* Recorded data *
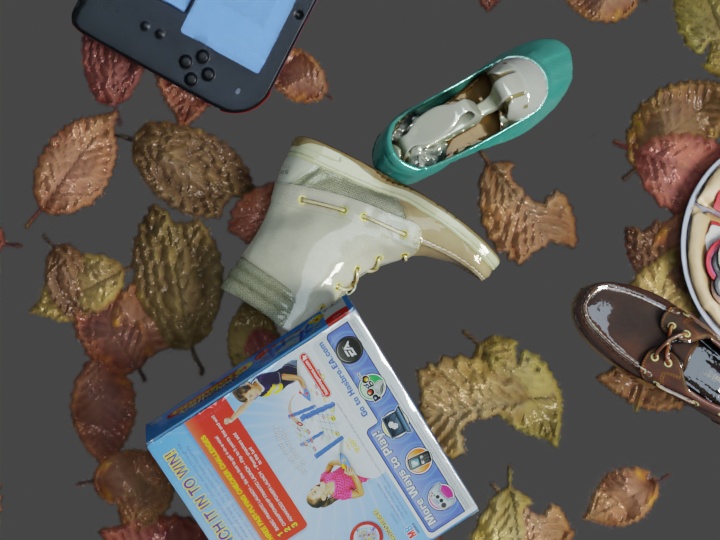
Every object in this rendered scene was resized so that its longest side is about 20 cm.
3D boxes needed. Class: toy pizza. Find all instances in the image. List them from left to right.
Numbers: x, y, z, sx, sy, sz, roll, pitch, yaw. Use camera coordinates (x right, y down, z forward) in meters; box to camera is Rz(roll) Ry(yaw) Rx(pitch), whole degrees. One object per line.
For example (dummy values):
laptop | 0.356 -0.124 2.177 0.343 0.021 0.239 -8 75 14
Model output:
toy pizza | 0.371 -0.018 1.399 0.197 0.032 0.203 1 83 -7

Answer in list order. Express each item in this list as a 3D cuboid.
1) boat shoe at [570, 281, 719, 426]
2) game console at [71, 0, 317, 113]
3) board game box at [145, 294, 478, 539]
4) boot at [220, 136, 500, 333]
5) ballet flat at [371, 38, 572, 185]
boat shoe | 0.270 0.070 1.373 0.198 0.070 0.071 30 85 -1
game console | -0.120 -0.250 1.355 0.175 0.031 0.202 27 95 -10
board game box | -0.039 0.157 1.314 0.195 0.056 0.201 -32 104 -1
boot | 0.000 0.000 1.354 0.198 0.072 0.156 28 84 3
ballet flat | 0.100 -0.133 1.371 0.199 0.070 0.068 -31 89 -6
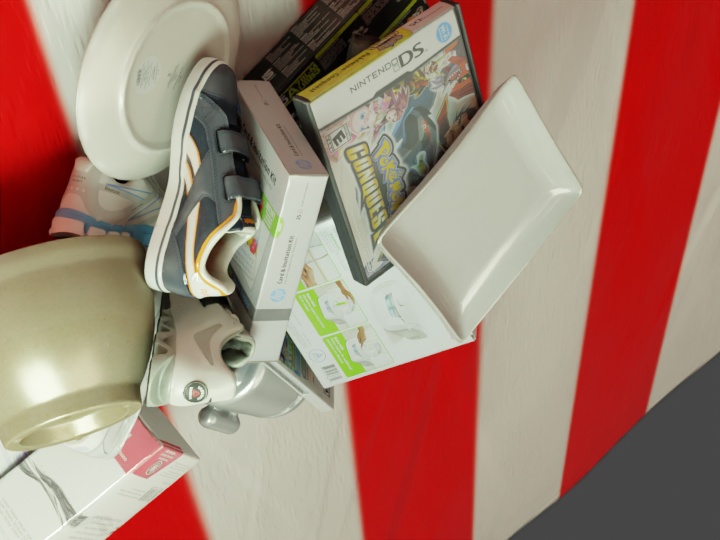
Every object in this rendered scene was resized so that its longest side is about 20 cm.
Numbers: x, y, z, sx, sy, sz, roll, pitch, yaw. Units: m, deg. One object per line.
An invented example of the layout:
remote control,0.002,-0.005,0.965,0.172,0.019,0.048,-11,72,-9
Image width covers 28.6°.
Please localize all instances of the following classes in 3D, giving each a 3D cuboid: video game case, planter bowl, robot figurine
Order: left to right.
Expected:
planter bowl,-0.258,0.071,1.187,0.199,0.135,0.200,-19,168,-4
robot figurine,-0.120,0.098,1.530,0.170,0.113,0.200,-60,152,1
video game case,-0.078,0.047,1.482,0.018,0.144,0.200,-13,149,21
video game case,0.040,-0.114,1.271,0.180,0.025,0.201,-36,128,-24

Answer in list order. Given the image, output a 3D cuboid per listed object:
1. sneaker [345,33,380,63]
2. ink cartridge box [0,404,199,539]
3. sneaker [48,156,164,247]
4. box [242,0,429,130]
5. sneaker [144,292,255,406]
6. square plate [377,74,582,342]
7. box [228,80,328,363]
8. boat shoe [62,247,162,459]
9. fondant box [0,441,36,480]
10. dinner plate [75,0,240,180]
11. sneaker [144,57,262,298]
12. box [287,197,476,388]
sneaker,0.046,-0.171,1.321,0.200,0.090,0.076,24,70,-66
ink cartridge box,-0.274,0.214,1.389,0.200,0.085,0.146,-41,165,-3
sneaker,-0.197,-0.063,1.261,0.200,0.075,0.087,5,95,-70
box,-0.010,-0.193,1.377,0.200,0.048,0.193,-46,151,0
sneaker,-0.136,0.056,1.236,0.088,0.200,0.074,6,123,-7
square plate,0.112,-0.056,1.324,0.200,0.028,0.198,-51,139,-8
box,-0.093,-0.043,1.258,0.041,0.156,0.201,-1,127,-27
boat shoe,-0.215,0.078,1.306,0.069,0.072,0.201,42,57,-55
fondant box,-0.397,0.173,1.293,0.200,0.058,0.145,-36,151,-23
dinner plate,-0.159,-0.165,1.173,0.200,0.024,0.201,-41,145,-37
sneaker,-0.118,-0.074,1.183,0.078,0.079,0.201,2,100,-71
box,0.000,0.000,1.422,0.176,0.097,0.200,-20,124,18

* Description of the task *
Identify the lines in the entries that hold "Answer" and return each one.

* Exercise solution *
Answer in list order. Express each item in this list as a 3D cuboid.
Answer in list order. Given the image, output a 3D cuboid per listed object:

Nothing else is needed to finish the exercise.